■ **WHAT TO DO**
Output only the entries, exactly as given, without the pictures.

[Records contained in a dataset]
________________________

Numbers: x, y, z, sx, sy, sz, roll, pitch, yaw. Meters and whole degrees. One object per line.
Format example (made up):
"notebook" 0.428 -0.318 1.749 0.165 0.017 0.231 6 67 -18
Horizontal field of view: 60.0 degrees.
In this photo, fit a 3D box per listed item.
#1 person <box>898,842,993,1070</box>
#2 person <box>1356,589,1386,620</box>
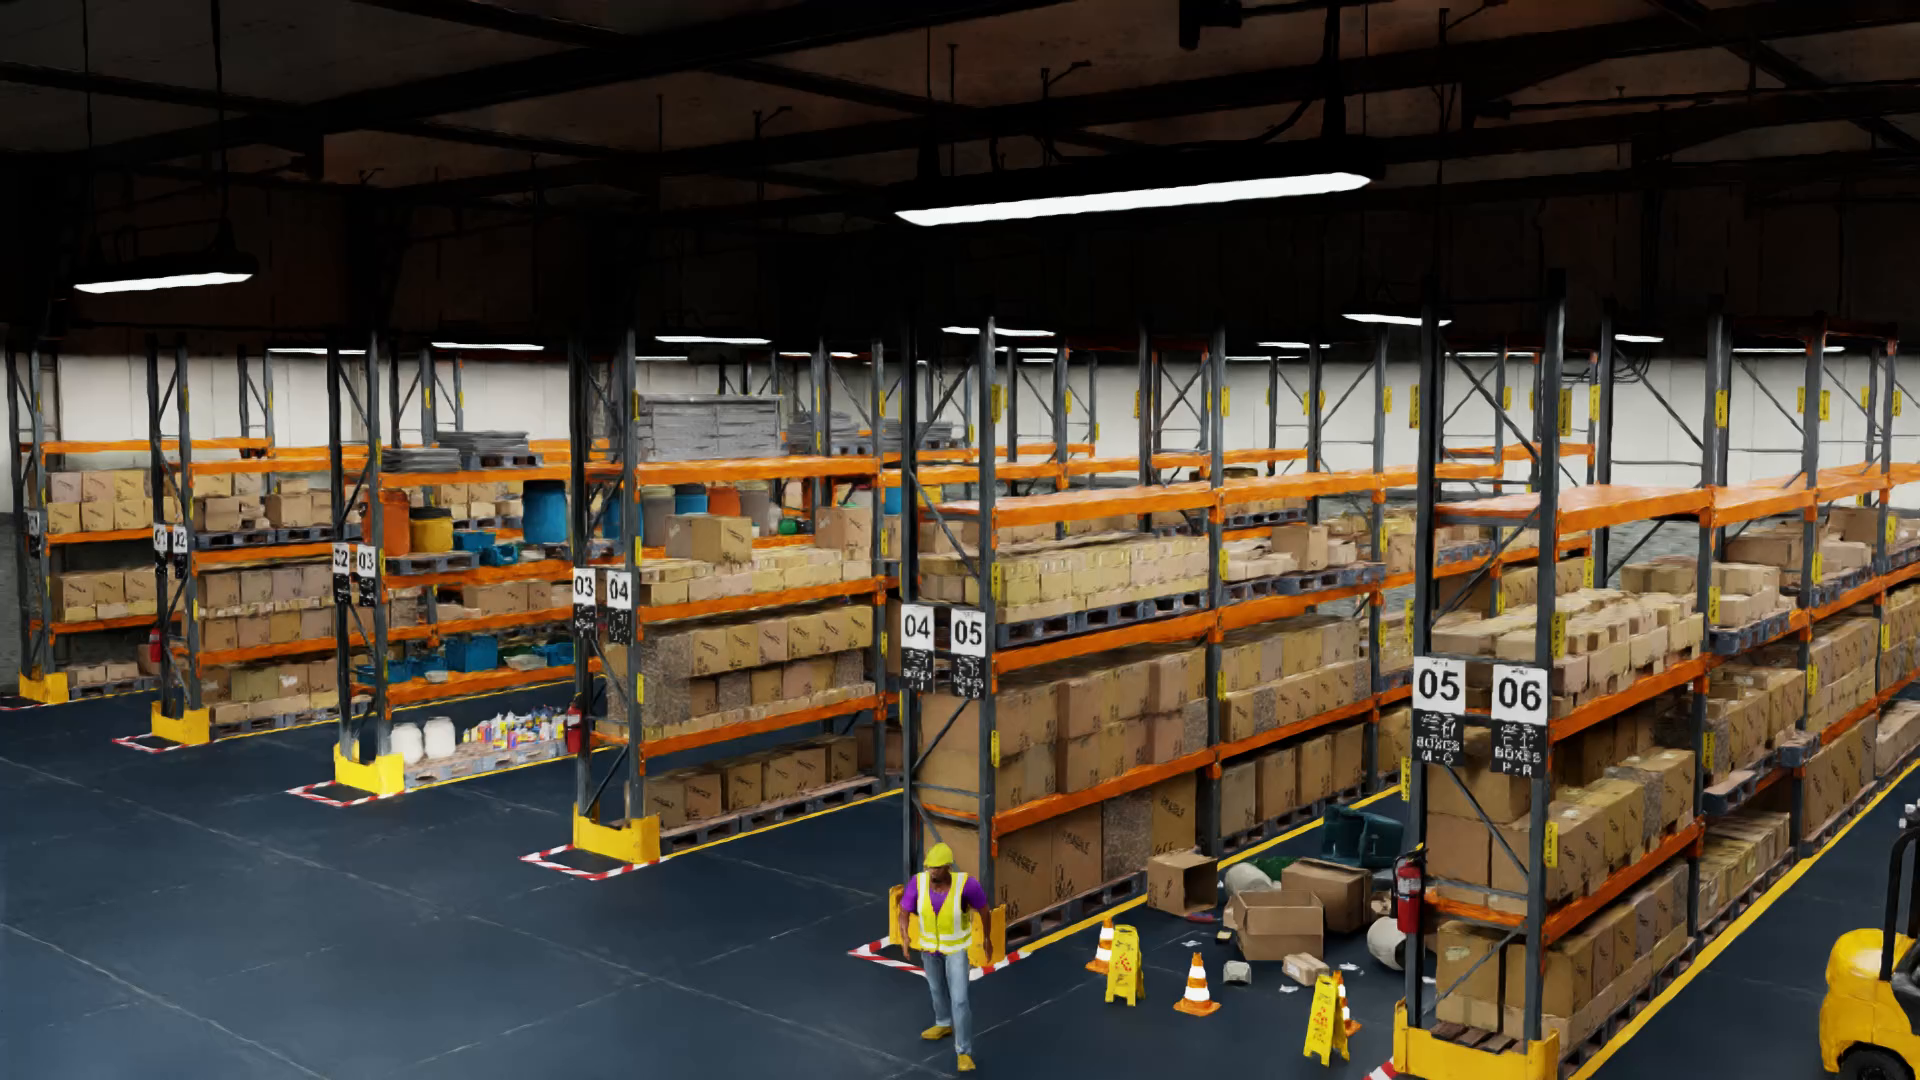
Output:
"person" -0.106 3.150 12.901 0.714 1.697 0.823 2 6 21
"person" 8.002 1.454 32.260 0.625 1.607 0.802 2 5 20

________________________

■ **EXERCISE OUTPUT**
Numbers: x, y, z, sx, sy, sz, roll, pitch, yaw. Meters and whole degrees. One object per line.
Format example (made up):
"notebook" 0.428 -0.318 1.749 0.165 0.017 0.231 6 67 -18
Horizontal field of view: 60.0 degrees.
In this photo, fit a 3D box per listed item.
#1 person <box>898,842,993,1070</box>
#2 person <box>1356,589,1386,620</box>
Output:
"person" -0.106 3.150 12.901 0.714 1.697 0.823 2 6 21
"person" 8.002 1.454 32.260 0.625 1.607 0.802 2 5 20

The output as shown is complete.